Saved data entries:
........
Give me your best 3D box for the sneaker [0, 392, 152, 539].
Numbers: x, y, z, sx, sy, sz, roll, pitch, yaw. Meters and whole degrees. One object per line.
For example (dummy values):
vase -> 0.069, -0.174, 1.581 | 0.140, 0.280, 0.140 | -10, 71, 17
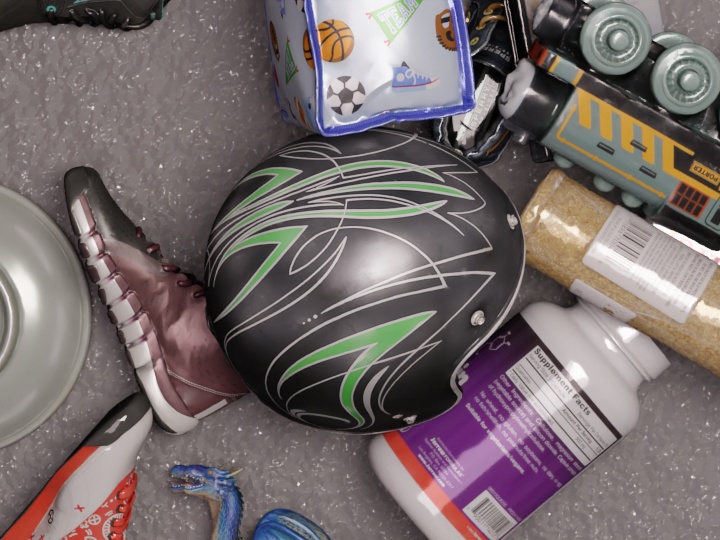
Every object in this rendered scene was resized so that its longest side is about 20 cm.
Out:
sneaker -> -0.177, 0.183, 1.597 | 0.108, 0.067, 0.201 | 41, 108, -2

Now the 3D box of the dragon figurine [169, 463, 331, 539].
dragon figurine -> -0.051, 0.203, 1.610 | 0.200, 0.059, 0.099 | 25, 93, 0

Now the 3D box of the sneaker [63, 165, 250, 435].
sneaker -> -0.122, 0.005, 1.602 | 0.115, 0.076, 0.200 | -23, 103, -3

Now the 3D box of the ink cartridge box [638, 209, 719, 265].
ink cartridge box -> 0.289, -0.063, 1.576 | 0.145, 0.088, 0.200 | 30, 92, 1

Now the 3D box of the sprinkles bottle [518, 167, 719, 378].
sprinkles bottle -> 0.194, 0.010, 1.508 | 0.200, 0.068, 0.068 | 31, 93, 6

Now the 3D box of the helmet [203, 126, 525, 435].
helmet -> 0.000, 0.000, 1.493 | 0.200, 0.191, 0.200 | 4, 57, -7

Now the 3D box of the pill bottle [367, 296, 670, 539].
pill bottle -> 0.110, 0.099, 1.575 | 0.200, 0.112, 0.112 | -41, 91, 2

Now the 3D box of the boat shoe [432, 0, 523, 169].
boat shoe -> 0.104, -0.162, 1.570 | 0.071, 0.091, 0.200 | 20, 93, 4

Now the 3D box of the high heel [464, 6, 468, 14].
high heel -> -0.029, -0.189, 1.583 | 0.200, 0.067, 0.096 | 32, 83, -4

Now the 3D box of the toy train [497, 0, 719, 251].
toy train -> 0.186, -0.097, 1.487 | 0.200, 0.085, 0.114 | 28, 99, -11

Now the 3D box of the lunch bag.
lunch bag -> -0.001, -0.194, 1.473 | 0.124, 0.170, 0.200 | -11, 98, -11

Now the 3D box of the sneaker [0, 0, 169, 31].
sneaker -> -0.181, -0.196, 1.585 | 0.200, 0.075, 0.079 | -24, 94, 3

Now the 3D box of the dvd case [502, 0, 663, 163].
dvd case -> 0.150, -0.179, 1.562 | 0.143, 0.018, 0.200 | -13, 94, -43

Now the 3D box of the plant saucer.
plant saucer -> -0.289, 0.033, 1.611 | 0.200, 0.050, 0.200 | 0, 93, 2
........
Work required:
Note each line above that holds "object", then copy all of them.

Written reply:
Numbers: x, y, z, sx, sy, sz, roll, pitch, yaw. Meters and whole degrees. One object per line.
Every object in this rendered scene was resized so that its longest side is about 20 cm.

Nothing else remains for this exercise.